Source records
Content starts

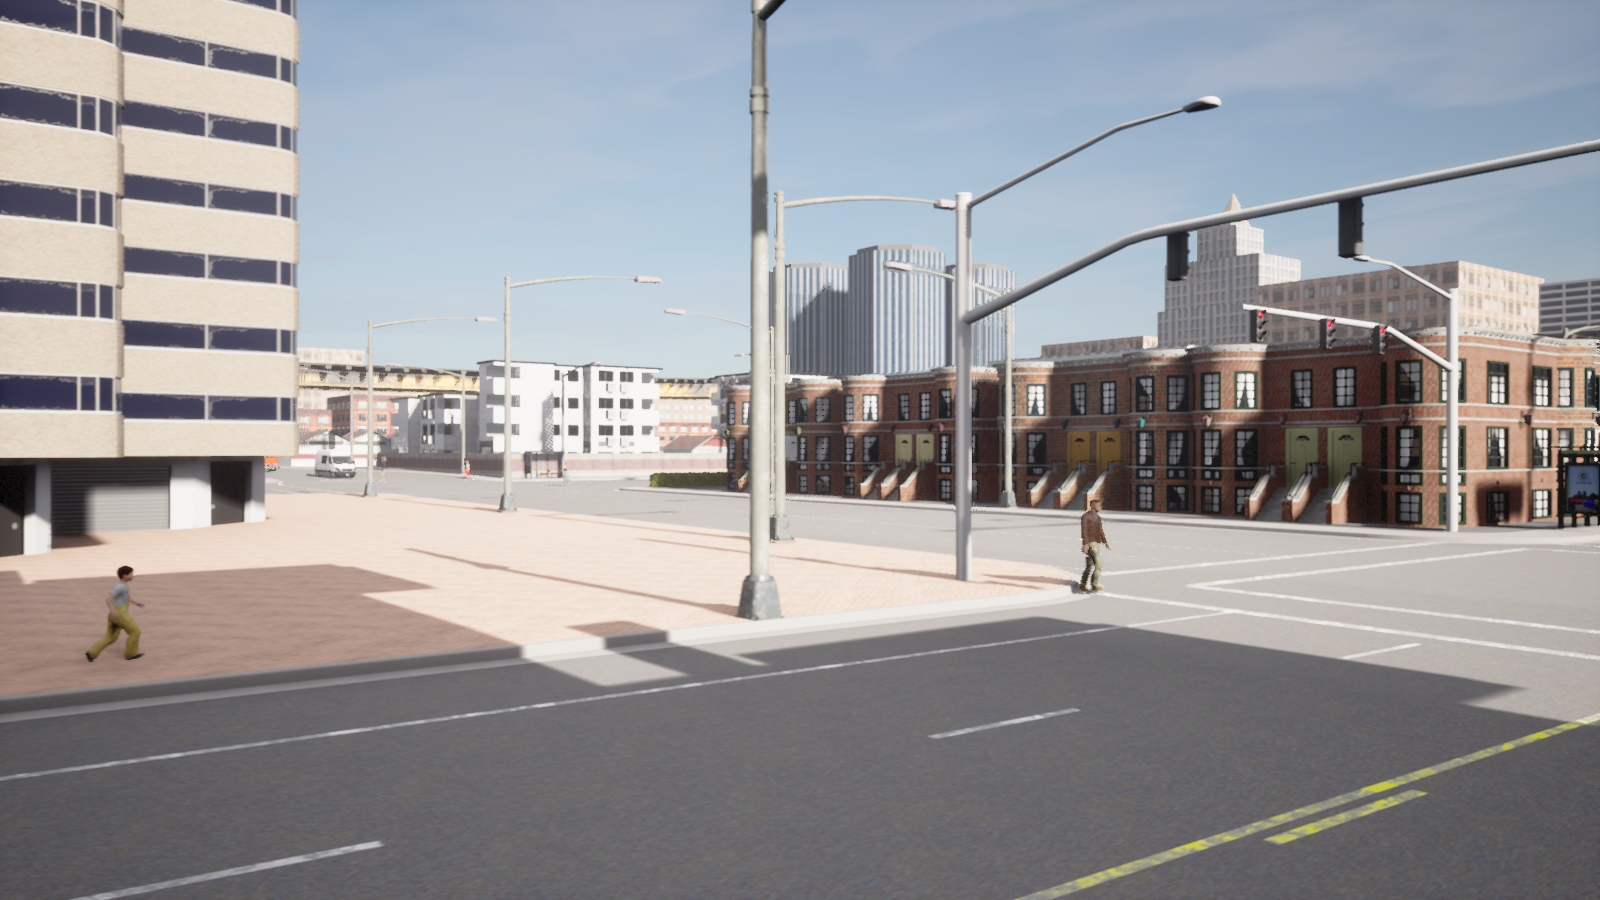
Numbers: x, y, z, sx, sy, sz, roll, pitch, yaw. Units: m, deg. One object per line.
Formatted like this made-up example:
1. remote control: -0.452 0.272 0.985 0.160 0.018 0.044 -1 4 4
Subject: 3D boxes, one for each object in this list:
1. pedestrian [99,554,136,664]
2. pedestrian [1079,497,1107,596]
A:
1. pedestrian: -8.559 1.981 14.330 0.375 1.300 0.375 0 0 -34
2. pedestrian: 5.673 1.858 22.106 0.375 1.860 0.375 0 0 45
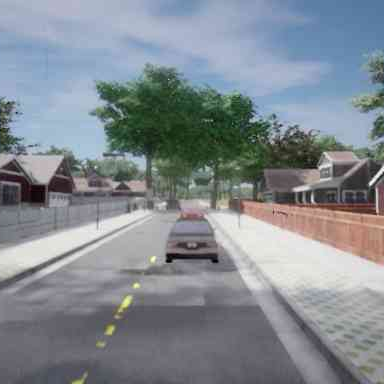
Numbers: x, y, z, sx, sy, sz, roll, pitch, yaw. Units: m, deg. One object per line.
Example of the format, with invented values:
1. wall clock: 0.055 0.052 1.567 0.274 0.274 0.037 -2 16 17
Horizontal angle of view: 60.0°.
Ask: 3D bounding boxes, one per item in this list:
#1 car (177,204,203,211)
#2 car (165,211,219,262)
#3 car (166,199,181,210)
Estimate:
1. car: 0.014 1.898 28.320 1.895 1.301 4.718 0 -1 0
2. car: 0.008 1.682 12.596 2.033 1.411 5.357 0 -1 0
3. car: -2.774 1.863 50.721 2.097 1.767 4.553 0 0 1
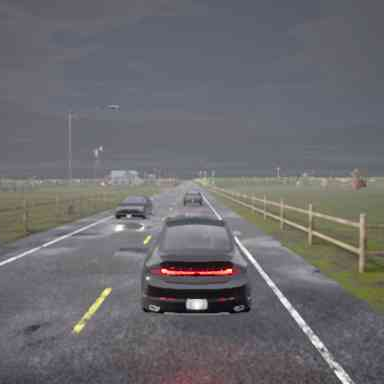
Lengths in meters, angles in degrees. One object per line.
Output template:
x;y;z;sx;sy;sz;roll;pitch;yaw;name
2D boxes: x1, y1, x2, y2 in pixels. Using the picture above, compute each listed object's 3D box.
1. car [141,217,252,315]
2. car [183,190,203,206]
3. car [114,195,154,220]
0.077;1.294;7.197;1.837;1.490;4.892;0;2;0;car
0.096;0.522;33.171;2.128;1.511;4.902;0;2;0;car
-3.601;0.917;21.627;2.033;1.411;5.357;0;2;0;car
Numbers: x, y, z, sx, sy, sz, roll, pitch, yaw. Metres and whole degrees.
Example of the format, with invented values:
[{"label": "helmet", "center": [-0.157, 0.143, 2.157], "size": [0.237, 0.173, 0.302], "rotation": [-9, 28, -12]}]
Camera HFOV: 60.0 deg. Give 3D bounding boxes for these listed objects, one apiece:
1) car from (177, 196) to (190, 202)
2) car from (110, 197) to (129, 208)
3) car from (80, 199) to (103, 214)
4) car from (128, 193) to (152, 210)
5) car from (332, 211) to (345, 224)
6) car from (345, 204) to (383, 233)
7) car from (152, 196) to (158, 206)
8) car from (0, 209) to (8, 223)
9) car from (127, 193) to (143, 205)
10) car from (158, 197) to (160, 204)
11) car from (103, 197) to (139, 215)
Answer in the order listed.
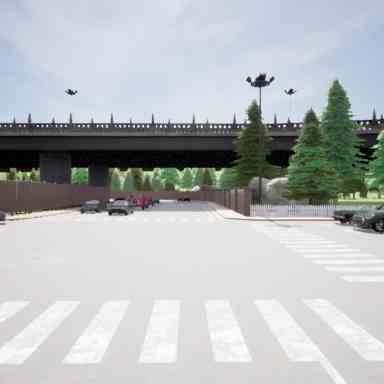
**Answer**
[{"label": "car", "center": [-1.908, 1.553, 75.198], "size": [1.994, 1.385, 4.181], "rotation": [0, 0, -19]}, {"label": "car", "center": [-10.550, 1.526, 48.917], "size": [1.812, 1.442, 4.674], "rotation": [0, 0, 0]}, {"label": "car", "center": [-10.565, 1.526, 36.008], "size": [1.812, 1.442, 4.674], "rotation": [0, 0, 0]}, {"label": "car", "center": [-7.045, 1.221, 43.734], "size": [2.150, 2.045, 5.566], "rotation": [0, 0, 0]}, {"label": "car", "center": [11.985, 1.545, 22.179], "size": [4.718, 1.301, 1.895], "rotation": [0, 0, 2]}, {"label": "car", "center": [11.481, 1.297, 18.671], "size": [4.553, 1.767, 2.097], "rotation": [0, 0, 2]}, {"label": "car", "center": [-7.046, 1.564, 53.742], "size": [1.994, 1.385, 4.181], "rotation": [0, 0, 0]}, {"label": "car", "center": [-14.971, 1.542, 22.767], "size": [4.181, 1.385, 1.994], "rotation": [1, 1, -26]}, {"label": "car", "center": [-10.663, 1.219, 62.390], "size": [2.150, 2.045, 5.566], "rotation": [0, 0, -2]}, {"label": "car", "center": [-7.197, 1.547, 64.403], "size": [2.033, 1.411, 5.357], "rotation": [0, 0, -3]}, {"label": "car", "center": [-7.043, 1.547, 33.560], "size": [2.033, 1.411, 5.357], "rotation": [0, 0, 0]}]
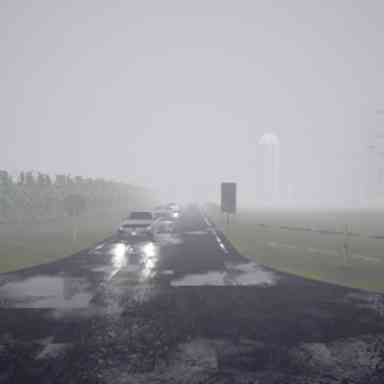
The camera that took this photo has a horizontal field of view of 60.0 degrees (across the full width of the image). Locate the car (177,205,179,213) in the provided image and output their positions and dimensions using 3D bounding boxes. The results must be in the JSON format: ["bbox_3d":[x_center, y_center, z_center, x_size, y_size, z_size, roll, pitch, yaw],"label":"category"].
[{"bbox_3d":[-2.829,2.153,46.152,1.812,1.442,4.674,0,-1,1],"label":"car"}]

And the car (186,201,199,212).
[{"bbox_3d":[0.086,2.216,49.303,2.033,1.411,5.357,0,-1,0],"label":"car"}]

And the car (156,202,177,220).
[{"bbox_3d":[-2.850,1.991,33.002,2.033,1.411,5.357,0,-1,0],"label":"car"}]

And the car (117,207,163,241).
[{"bbox_3d":[-2.845,1.773,18.475,1.812,1.442,4.674,0,-1,-1],"label":"car"}]

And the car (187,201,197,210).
[{"bbox_3d":[-0.022,2.345,59.752,1.812,1.442,4.674,0,-1,0],"label":"car"}]
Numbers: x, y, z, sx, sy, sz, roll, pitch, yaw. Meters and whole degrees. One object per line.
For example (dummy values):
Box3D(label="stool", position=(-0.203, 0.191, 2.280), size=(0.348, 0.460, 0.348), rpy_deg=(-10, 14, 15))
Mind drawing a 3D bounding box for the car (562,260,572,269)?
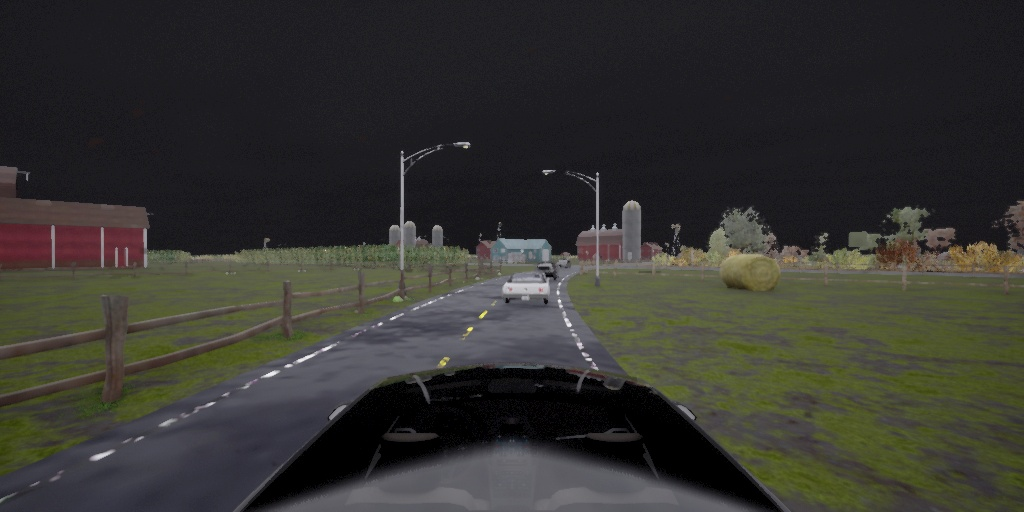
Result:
Box3D(label="car", position=(8.317, 1.339, 57.585), size=(1.837, 1.490, 4.892), rpy_deg=(0, 0, 22))

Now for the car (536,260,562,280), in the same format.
Box3D(label="car", position=(3.030, 1.271, 30.976), size=(1.837, 1.490, 4.892), rpy_deg=(0, 0, 12))

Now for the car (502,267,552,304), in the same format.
Box3D(label="car", position=(0.761, 1.366, 16.327), size=(1.895, 1.301, 4.718), rpy_deg=(0, 0, 6))

Content ends

== EXERCISE BRIEF ==
Your task is to repeat the opening line of the entries above and each line after it, ending with the line that has "11) car from (103, 197) to (139, 215)". Do not include the pictures.

== ANSWER SECTION ==
Numbers: x, y, z, sx, sy, sz, roll, pitch, yaw. Units: m, deg. One object per line.
Formatted like this made-up example:
1. remote control: -0.452 0.272 0.985 0.160 0.018 0.044 -1 4 4
Subject: 3D boxes, one for each object in this list:
1. pedestrian [99,554,136,664]
2. pedestrian [1079,497,1107,596]
A:
1. pedestrian: -8.559 1.981 14.330 0.375 1.300 0.375 0 0 -34
2. pedestrian: 5.673 1.858 22.106 0.375 1.860 0.375 0 0 45
Numbers: x, y, z, sx, sy, sz, roll, pitch, yaw. Units: m, deg. One object per line.
Example of the format, with invented values:
1. wall clock: 0.055 0.052 1.567 0.274 0.274 0.037 -2 16 17
Horizontal angle of view: 60.0°.
Ask: 3D bounding boxes, one per item in this list:
#1 car (177,204,203,211)
#2 car (165,211,219,262)
#3 car (166,199,181,210)
Estimate:
1. car: 0.014 1.898 28.320 1.895 1.301 4.718 0 -1 0
2. car: 0.008 1.682 12.596 2.033 1.411 5.357 0 -1 0
3. car: -2.774 1.863 50.721 2.097 1.767 4.553 0 0 1
Lengths in meters, angles in degrees. One object per line.
Output template:
x;y;z;sx;sy;sz;roll;pitch;yaw;name
2D boxes: x1, y1, x2, y2 in pixels. Using the picture above, compute each listed object's 3D box.
1. car [141,217,252,315]
2. car [183,190,203,206]
3. car [114,195,154,220]
0.077;1.294;7.197;1.837;1.490;4.892;0;2;0;car
0.096;0.522;33.171;2.128;1.511;4.902;0;2;0;car
-3.601;0.917;21.627;2.033;1.411;5.357;0;2;0;car
Numbers: x, y, z, sx, sy, sz, roll, pitch, yaw. Metres and whole degrees.
Example of the format, with invented values:
[{"label": "helmet", "center": [-0.157, 0.143, 2.157], "size": [0.237, 0.173, 0.302], "rotation": [-9, 28, -12]}]
Camera HFOV: 60.0 deg. Give 3D bounding boxes for these listed objects, one apiece:
1) car from (177, 196) to (190, 202)
2) car from (110, 197) to (129, 208)
3) car from (80, 199) to (103, 214)
4) car from (128, 193) to (152, 210)
5) car from (332, 211) to (345, 224)
6) car from (345, 204) to (383, 233)
7) car from (152, 196) to (158, 206)
8) car from (0, 209) to (8, 223)
9) car from (127, 193) to (143, 205)
10) car from (158, 197) to (160, 204)
11) car from (103, 197) to (139, 215)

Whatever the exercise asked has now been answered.